E' Gesù Cristo infatti, che sostiene (φέρω - pherō̄  ) tutte le cose con la parola della sua potenza (δύναμις - dunamis), e che dopo aver fatto la purificazione dei peccati, si è seduto alla destra della Maestà nei luoghi altissimi. Sebbene anche i deisti concordino con l'esistenza di un Dio creatore, la Scrittura è chiara nell'affermare che questo stesso Dio non solo ha creato il cosmo, ma ne è anche il supremo sostenitore. Gesù Cristo non ha solo creato i mondi ma li sostiene anche al presente. Egli, pur essendo alla destra del Padre, continua a sostenere ogni aspetto del creato. Il Catechismo Maggiore di Westminster affermerà che "le opere della divina provvidenza sono la Sua attività santissima, sapientissima e potentissima di preservazione e governo di tutte le Sue creature. Essa consiste nello stabilire le Sue creature e le loro azioni per la Sua propria gloria." Ogni credente ha piena ragione a confidare nella provvidenza e nel governo che il Signore ha sempre esercitato nella storia, e di cui le Scritture testimoniano in abbondanza. L'apostolo Paolo spiegò agli Ateniesi di come Dio ha tratto da uno solo tutte le nazioni degli uomini perché abitino su tutta la faccia della terra, avendo determinato le epoche loro assegnate, e i confini della loro abitazione, ed è così anche al tempo presente. Il governo di Cristo è attuato con la parola della sua potenza. La stessa potenza (dunamis) che egli promise ai discepoli per pentecoste (Atti 1:8), che permette la salvezza per chiunque crede (Rm 1:16) e che ha risorto Gesù Cristo (Filippesi 3:10), è in atto in questo stesso istante per il sostentamento di tutte le cose.
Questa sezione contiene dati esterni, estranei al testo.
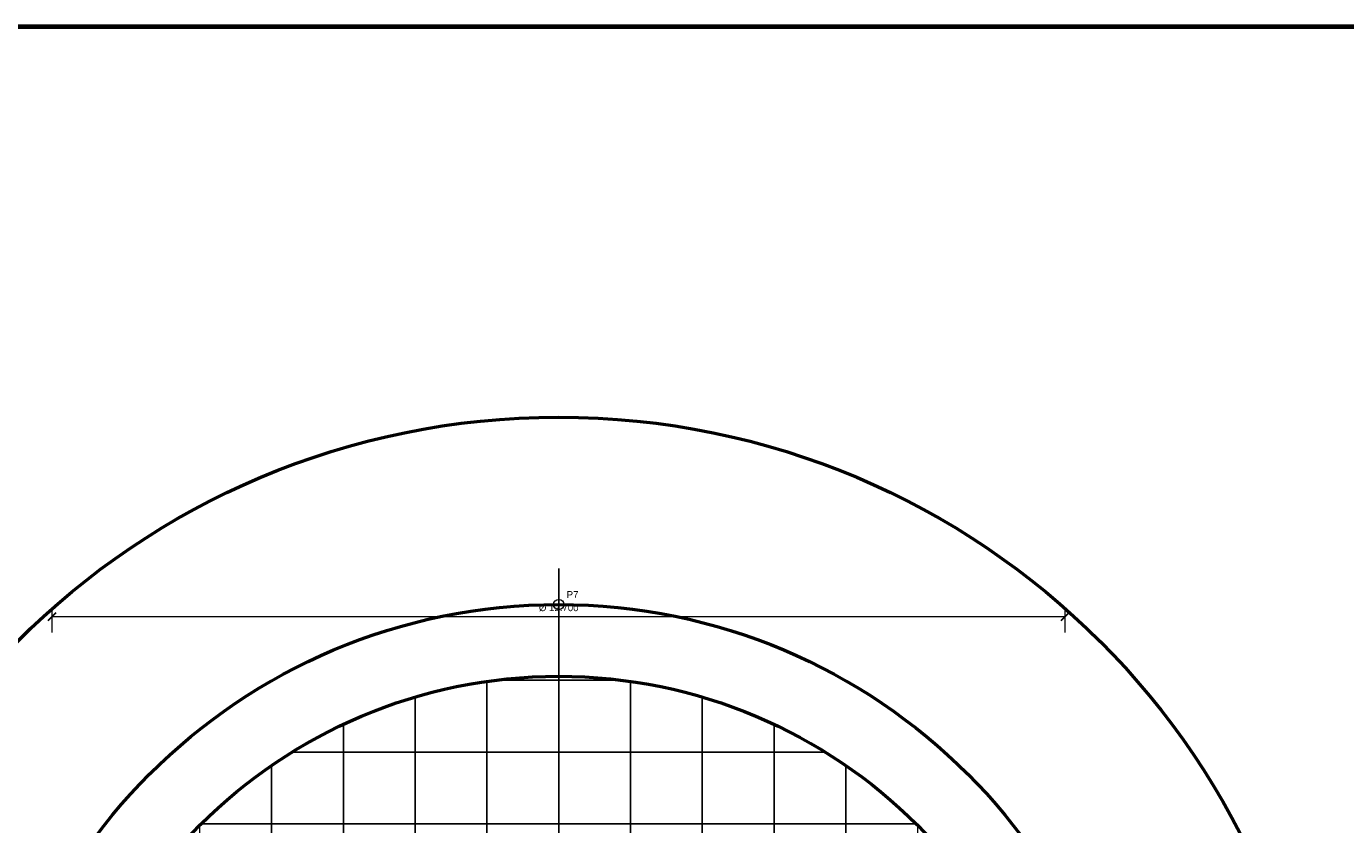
# Model space of a CAD drawing. Header units: millimetres. Extents: x 10 to 832, y 10 to 584.
# Tile 5 of 6: x 296 to 627, y 384 to 584. Entities that reach past the tile are written whole.
import ezdxf
from ezdxf.enums import TextEntityAlignment as Align

# ---------------------------------------------------------------- set-up
doc = ezdxf.new("R2010")
doc.units = ezdxf.units.MM
for name, color, linetype, true_color in [('C1d1b19', 7, 'Continuous', 0x1d1b19), ('C8a847c', 7, 'Continuous', 0x8a847c), ('C8f8a80', 7, 'Continuous', 0x8f8a80), ('Cc0392b', 7, 'Continuous', 0xc0392b)]:
    doc.layers.add(name, color=color, linetype=linetype, true_color=true_color)
doc.styles.add('AR', font='arial.ttf')

msp = doc.modelspace()

# ---------------------------------------------------------------- linework, layer by layer
at = {"layer": 'C1d1b19', "lineweight": 70}
msp.add_lwpolyline([(10, 584), (831, 584), (831, 10), (10, 10)], close=True, dxfattribs=at)
at = {"layer": 'C1d1b19', "lineweight": 30}
for points in [[(302, 435), (304, 437)], [(556, 435), (558, 437)]]:
    msp.add_lwpolyline(points, dxfattribs=at)
at = {"layer": 'C1d1b19', "lineweight": 13}
msp.add_circle((430, 439), 1.3, dxfattribs=at)
at = {"layer": 'C1d1b19', "lineweight": 50}
for radius in [145, 127]:
    msp.add_circle((430, 294), radius, dxfattribs=at)
at = {"layer": 'C8a847c', "lineweight": 15}
for points in [[(303, 432), (303, 437.5)], [(557, 432), (557, 437.5)]]:
    msp.add_lwpolyline(points, dxfattribs=at)
at = {"layer": 'C8a847c', "lineweight": 20}
msp.add_lwpolyline([(303, 436), (557, 436)], dxfattribs=at)
at = {"layer": 'C8a847c', "lineweight": 50}
msp.add_circle((430, 294), 192, dxfattribs=at)
at = {"layer": 'C8f8a80', "lineweight": 20}
for points in [[(414.09, 420), (414.45, 420.04), (414.84, 420.09), (415.23, 420.14), (415.61, 420.18), (416, 420.23), (416.39, 420.27), (416.78, 420.31), (417.16, 420.35), (417.55, 420.39), (417.94, 420.43), (418.33, 420.46), (418.72, 420.5), (419.1, 420.53), (419.49, 420.56), (419.88, 420.6), (420.27, 420.63), (420.66, 420.66), (421.05, 420.68), (421.43, 420.71), (421.82, 420.74), (422.21, 420.76), (422.6, 420.78), (422.99, 420.81), (423.38, 420.83), (423.77, 420.85), (424.16, 420.87), (424.55, 420.88), (424.94, 420.9), (425.33, 420.91), (425.71, 420.93), (426.1, 420.94), (426.49, 420.95), (426.88, 420.96), (427.27, 420.97), (427.66, 420.98), (428.05, 420.99), (428.44, 420.99), (428.83, 420.99), (429.22, 421), (429.61, 421), (430, 421), (430, 420), (414.09, 420)], [(430, 421), (430.39, 421), (430.78, 421), (431.17, 420.99), (431.56, 420.99), (431.95, 420.99), (432.34, 420.98), (432.73, 420.97), (433.12, 420.96), (433.51, 420.95), (433.9, 420.94), (434.29, 420.93), (434.67, 420.91), (435.06, 420.9), (435.45, 420.88), (435.84, 420.87), (436.23, 420.85), (436.62, 420.83), (437.01, 420.81), (437.4, 420.78), (437.79, 420.76), (438.18, 420.74), (438.57, 420.71), (438.95, 420.68), (439.34, 420.66), (439.73, 420.63), (440.12, 420.6), (440.51, 420.56), (440.9, 420.53), (441.28, 420.5), (441.67, 420.46), (442.06, 420.43), (442.45, 420.39), (442.84, 420.35), (443.22, 420.31), (443.61, 420.27), (444, 420.23), (444.39, 420.18), (444.77, 420.14), (445.16, 420.09), (445.55, 420.04), (445.91, 420), (430, 420), (430, 421)], [(394, 402), (394, 415.79), (394.25, 415.87), (394.63, 415.97), (395, 416.08), (395.38, 416.19), (395.75, 416.3), (396.13, 416.4), (396.5, 416.5), (396.88, 416.61), (397.26, 416.71), (397.63, 416.81), (398.01, 416.9), (398.39, 417), (398.76, 417.1), (399.14, 417.19), (399.52, 417.29), (399.9, 417.38), (400.28, 417.47), (400.66, 417.56), (401.03, 417.65), (401.41, 417.74), (401.79, 417.83), (402.17, 417.91), (402.55, 418), (402.93, 418.08), (403.32, 418.17), (403.7, 418.25), (404.08, 418.33), (404.46, 418.41), (404.84, 418.48), (405.22, 418.56), (405.61, 418.64), (405.99, 418.71), (406.37, 418.78), (406.75, 418.85), (407.14, 418.93), (407.52, 418.99), (407.9, 419.06), (408.29, 419.13), (408.67, 419.2), (409.06, 419.26), (409.44, 419.32), (409.83, 419.39), (410.21, 419.45), (410.59, 419.51), (410.98, 419.57), (411.37, 419.63), (411.75, 419.68), (412, 419.72), (412, 402), (394, 402)], [(430, 402), (412, 402), (412, 419.72), (412.14, 419.74), (412.52, 419.79), (412.91, 419.84), (413.29, 419.9), (413.68, 419.95), (414.07, 420), (414.09, 420), (430, 420), (430, 402)], [(430, 402), (430, 420), (445.91, 420), (445.93, 420), (446.32, 419.95), (446.71, 419.9), (447.09, 419.84), (447.48, 419.79), (447.86, 419.74), (448, 419.72), (448, 402), (430, 402)], [(448, 402), (448, 419.72), (448.25, 419.68), (448.63, 419.63), (449.02, 419.57), (449.41, 419.51), (449.79, 419.45), (450.17, 419.39), (450.56, 419.32), (450.94, 419.26), (451.33, 419.2), (451.71, 419.13), (452.1, 419.06), (452.48, 418.99), (452.86, 418.93), (453.25, 418.85), (453.63, 418.78), (454.01, 418.71), (454.39, 418.64), (454.78, 418.56), (455.16, 418.48), (455.54, 418.41), (455.92, 418.33), (456.3, 418.25), (456.68, 418.17), (457.07, 418.08), (457.45, 418), (457.83, 417.91), (458.21, 417.83), (458.59, 417.74), (458.97, 417.65), (459.34, 417.56), (459.72, 417.47), (460.1, 417.38), (460.48, 417.29), (460.86, 417.19), (461.24, 417.1), (461.61, 417), (461.99, 416.9), (462.37, 416.81), (462.74, 416.71), (463.12, 416.61), (463.5, 416.5), (463.87, 416.4), (464.25, 416.3), (464.62, 416.19), (465, 416.08), (465.37, 415.97), (465.75, 415.87), (466, 415.79), (466, 402), (448, 402)], [(376, 402), (376, 408.95), (376.05, 408.97), (376.41, 409.14), (376.76, 409.3), (377.11, 409.46), (377.47, 409.63), (377.82, 409.79), (378.18, 409.95), (378.53, 410.1), (378.89, 410.26), (379.25, 410.42), (379.61, 410.57), (379.96, 410.73), (380.32, 410.88), (380.68, 411.03), (381.04, 411.18), (381.4, 411.33), (381.76, 411.48), (382.12, 411.63), (382.48, 411.78), (382.84, 411.92), (383.2, 412.06), (383.57, 412.21), (383.93, 412.35), (384.29, 412.49), (384.66, 412.63), (385.02, 412.77), (385.39, 412.91), (385.75, 413.04), (386.12, 413.18), (386.48, 413.31), (386.85, 413.44), (387.21, 413.58), (387.58, 413.71), (387.95, 413.84), (388.32, 413.96), (388.69, 414.09), (389.05, 414.22), (389.42, 414.34), (389.79, 414.47), (390.16, 414.59), (390.53, 414.71), (390.9, 414.83), (391.27, 414.95), (391.65, 415.07), (392.02, 415.19), (392.39, 415.3), (392.76, 415.42), (393.13, 415.53), (393.51, 415.64), (393.88, 415.76), (394, 415.79), (394, 402), (376, 402)], [(466, 402), (466, 415.79), (466.12, 415.76), (466.49, 415.64), (466.87, 415.53), (467.24, 415.42), (467.61, 415.3), (467.98, 415.19), (468.35, 415.07), (468.73, 414.95), (469.1, 414.83), (469.47, 414.71), (469.84, 414.59), (470.21, 414.47), (470.58, 414.34), (470.95, 414.22), (471.31, 414.09), (471.68, 413.96), (472.05, 413.84), (472.42, 413.71), (472.79, 413.58), (473.15, 413.44), (473.52, 413.31), (473.88, 413.18), (474.25, 413.04), (474.61, 412.91), (474.98, 412.77), (475.34, 412.63), (475.71, 412.49), (476.07, 412.35), (476.43, 412.21), (476.8, 412.06), (477.16, 411.92), (477.52, 411.78), (477.88, 411.63), (478.24, 411.48), (478.6, 411.33), (478.96, 411.18), (479.32, 411.03), (479.68, 410.88), (480.04, 410.73), (480.39, 410.57), (480.75, 410.42), (481.11, 410.26), (481.47, 410.1), (481.82, 409.95), (482.18, 409.79), (482.53, 409.63), (482.89, 409.46), (483.24, 409.3), (483.59, 409.14), (483.95, 408.97), (484, 408.95), (484, 402), (466, 402)], [(363.18, 402), (363.38, 402.12), (363.71, 402.33), (364.04, 402.53), (364.38, 402.73), (364.71, 402.93), (365.04, 403.13), (365.38, 403.33), (365.71, 403.53), (366.05, 403.72), (366.39, 403.92), (366.73, 404.11), (367.06, 404.31), (367.4, 404.5), (367.74, 404.69), (368.08, 404.88), (368.42, 405.07), (368.76, 405.26), (369.1, 405.45), (369.45, 405.63), (369.79, 405.82), (370.13, 406), (370.48, 406.19), (370.82, 406.37), (371.17, 406.55), (371.51, 406.73), (371.86, 406.91), (372.2, 407.09), (372.55, 407.26), (372.9, 407.44), (373.25, 407.61), (373.6, 407.79), (373.95, 407.96), (374.3, 408.13), (374.65, 408.3), (375, 408.47), (375.35, 408.64), (375.7, 408.81), (376, 408.95), (376, 402), (363.18, 402)], [(484, 408.95), (484.3, 408.81), (484.65, 408.64), (485, 408.47), (485.35, 408.3), (485.7, 408.13), (486.05, 407.96), (486.4, 407.79), (486.75, 407.61), (487.1, 407.44), (487.45, 407.26), (487.8, 407.09), (488.14, 406.91), (488.49, 406.73), (488.83, 406.55), (489.18, 406.37), (489.52, 406.19), (489.87, 406), (490.21, 405.82), (490.55, 405.63), (490.9, 405.45), (491.24, 405.26), (491.58, 405.07), (491.92, 404.88), (492.26, 404.69), (492.6, 404.5), (492.94, 404.31), (493.27, 404.11), (493.61, 403.92), (493.95, 403.72), (494.29, 403.53), (494.62, 403.33), (494.96, 403.13), (495.29, 402.93), (495.62, 402.73), (495.96, 402.53), (496.29, 402.33), (496.62, 402.12), (496.82, 402), (484, 402), (484, 408.95)], [(376, 384), (358, 384), (358, 398.62), (358.15, 398.72), (358.47, 398.94), (358.8, 399.16), (359.12, 399.38), (359.44, 399.6), (359.77, 399.81), (360.09, 400.03), (360.42, 400.24), (360.74, 400.45), (361.07, 400.67), (361.4, 400.88), (361.73, 401.09), (362.06, 401.3), (362.38, 401.5), (362.71, 401.71), (363.05, 401.92), (363.18, 402), (376, 402), (376, 384)], [(376, 402), (394, 402), (394, 384), (376, 384), (376, 402)], [(394, 402), (412, 402), (412, 384), (394, 384), (394, 402)], [(412, 402), (430, 402), (430, 384), (412, 384), (412, 402)], [(430, 402), (448, 402), (448, 384), (430, 384), (430, 402)], [(448, 402), (466, 402), (466, 384), (448, 384), (448, 402)], [(466, 402), (484, 402), (484, 384), (466, 384), (466, 402)], [(484, 384), (484, 402), (496.82, 402), (496.95, 401.92), (497.29, 401.71), (497.62, 401.5), (497.94, 401.3), (498.27, 401.09), (498.6, 400.88), (498.93, 400.67), (499.26, 400.45), (499.58, 400.24), (499.91, 400.03), (500.23, 399.81), (500.56, 399.6), (500.88, 399.38), (501.2, 399.16), (501.53, 398.94), (501.85, 398.72), (502, 398.62), (502, 384), (484, 384)], [(340.4, 384), (340.47, 384.08), (340.75, 384.35), (341.03, 384.63), (341.31, 384.9), (341.59, 385.17), (341.87, 385.44), (342.15, 385.71), (342.43, 385.98), (342.71, 386.25), (342.99, 386.51), (343.28, 386.78), (343.56, 387.05), (343.85, 387.31), (344.14, 387.58), (344.42, 387.84), (344.71, 388.1), (345, 388.36), (345.29, 388.62), (345.58, 388.88), (345.87, 389.14), (346.17, 389.4), (346.46, 389.65), (346.75, 389.91), (347.05, 390.17), (347.34, 390.42), (347.64, 390.67), (347.94, 390.92), (348.23, 391.18), (348.53, 391.43), (348.83, 391.68), (349.13, 391.92), (349.43, 392.17), (349.73, 392.42), (350.04, 392.66), (350.34, 392.91), (350.64, 393.15), (350.95, 393.4), (351.25, 393.64), (351.56, 393.88), (351.87, 394.12), (352.17, 394.36), (352.48, 394.6), (352.79, 394.83), (353.1, 395.07), (353.41, 395.31), (353.72, 395.54), (354.03, 395.77), (354.35, 396.01), (354.66, 396.24), (354.97, 396.47), (355.29, 396.7), (355.6, 396.93), (355.92, 397.16), (356.24, 397.38), (356.55, 397.61), (356.87, 397.83), (357.19, 398.06), (357.51, 398.28), (357.83, 398.5), (358, 398.62), (358, 384), (340.4, 384)], [(502, 398.62), (502.17, 398.5), (502.49, 398.28), (502.81, 398.06), (503.13, 397.83), (503.45, 397.61), (503.76, 397.38), (504.08, 397.16), (504.4, 396.93), (504.71, 396.7), (505.03, 396.47), (505.34, 396.24), (505.65, 396.01), (505.97, 395.77), (506.28, 395.54), (506.59, 395.31), (506.9, 395.07), (507.21, 394.83), (507.52, 394.6), (507.83, 394.36), (508.13, 394.12), (508.44, 393.88), (508.75, 393.64), (509.05, 393.4), (509.36, 393.15), (509.66, 392.91), (509.96, 392.66), (510.27, 392.42), (510.57, 392.17), (510.87, 391.92), (511.17, 391.68), (511.47, 391.43), (511.77, 391.18), (512.06, 390.92), (512.36, 390.67), (512.66, 390.42), (512.95, 390.17), (513.25, 389.91), (513.54, 389.65), (513.83, 389.4), (514.13, 389.14), (514.42, 388.88), (514.71, 388.62), (515, 388.36), (515.29, 388.1), (515.58, 387.84), (515.86, 387.58), (516.15, 387.31), (516.44, 387.05), (516.72, 386.78), (517.01, 386.51), (517.29, 386.25), (517.57, 385.98), (517.85, 385.71), (518.13, 385.44), (518.41, 385.17), (518.69, 384.9), (518.97, 384.63), (519.25, 384.35), (519.53, 384.08), (519.6, 384), (502, 384), (502, 398.62)], [(358, 366), (340, 366), (340, 383.6), (340.2, 383.8), (340.4, 384), (358, 384), (358, 366)], [(358, 384), (376, 384), (376, 366), (358, 366), (358, 384)], [(376, 384), (394, 384), (394, 366), (376, 366), (376, 384)], [(394, 384), (412, 384), (412, 366), (394, 366), (394, 384)], [(412, 384), (430, 384), (430, 366), (412, 366), (412, 384)], [(430, 384), (448, 384), (448, 366), (430, 366), (430, 384)], [(448, 384), (466, 384), (466, 366), (448, 366), (448, 384)], [(466, 384), (484, 384), (484, 366), (466, 366), (466, 384)], [(484, 384), (502, 384), (502, 366), (484, 366), (484, 384)], [(502, 366), (502, 384), (519.6, 384), (519.8, 383.8), (520, 383.6), (520, 366), (502, 366)]]:
    msp.add_lwpolyline(points, close=True, dxfattribs=at)
at = {"layer": 'Cc0392b', "lineweight": 25}
msp.add_lwpolyline([(430, 140), (430, 448)], dxfattribs=at)

# ---------------------------------------------------------------- texts
at = {"layer": 'C1d1b19', "style": 'AR'}
msp.add_text('Ø 12.700', height=1.728, dxfattribs=at).set_placement((430, 438.2), align=Align.MIDDLE_CENTER)
at = {"layer": 'Cc0392b', "style": 'AR'}
msp.add_text('P7', height=1.728, dxfattribs=at).set_placement((432, 441.5), align=Align.MIDDLE_LEFT)

doc.saveas('drawing.dxf')

Ebbene, questo Signore, ha compiuto la purificazione dei peccati, esattamente come prescritto a Mosè (Cfr. Levitico, in particolare il capitolo 16), ma in modo perfetto ed eterno:

Ma venuto Cristo, sommo sacerdote dei beni futuri, egli, attraverso un tabernacolo più grande e più perfetto, non fatto da mano d'uomo, cioè, non di questa creazione, è entrato una volta per sempre nel luogo santissimo, non con sangue di capri e di vitelli, ma con il proprio sangue. Così ci ha acquistato una redenzione eterna.
Ebrei 9:11,12 

Dopo di che, si è seduto alla destra della maestà del Padre, nei luoghi altissimi, da dove intercede di continuo per ogni credente, fino al suo ritorno (Cfr. Rm 8:34, Ef 1:20, Col 3:1). In questi pensieri troviamo la giustizia salvifica di Dio, la potenza che può sostenerci e che agirà esplodendo nel massimo del suo splendore al momento della resurrezione e della piena manifestazione dei figli di Dio (Rm 8). Questo è il cuore del cristianesimo stesso, la ragione della fede ed il suo scopo, il luogo dal quale tutti noi credenti proveniamo ed anche quello in cui tutti noi, insieme, siamo diretti. Questo è il senso della lode, dell'adorazione, della lettura biblica devozionale, dello studio, delle celebrazioni domenicali, delle opere di misericordia, dell'esercizio dei doni spirituali, dell'evangelizzazione, dell'assistenza sociale, della collaborazione ministeriale, della scrittura di libri spirituali, e di ogni altro aspetto della vita. Ogni cosa proviene da lui ed è per lui, Gesù Cristo: il creatore e compitore della nostra comune fede. 


Considerazioni finali

La lettera agli Ebrei è da considerare tra i massimi esponenti neotestamentari della cosiddetta alta cristologia, mostrando, insegnando e convincendo della piena divinità ed umanità di Gesù Cristo. Nei soli tre versetti di apertura, presenta un'eccezionale ricchezza teologica che anticipa di un paio di decenni quella giovannea, seguendo senza dubbio le orme che l'apostolo Paolo calcò a questo riguardo, soprattutto nella sua lettera ai Filippesi. 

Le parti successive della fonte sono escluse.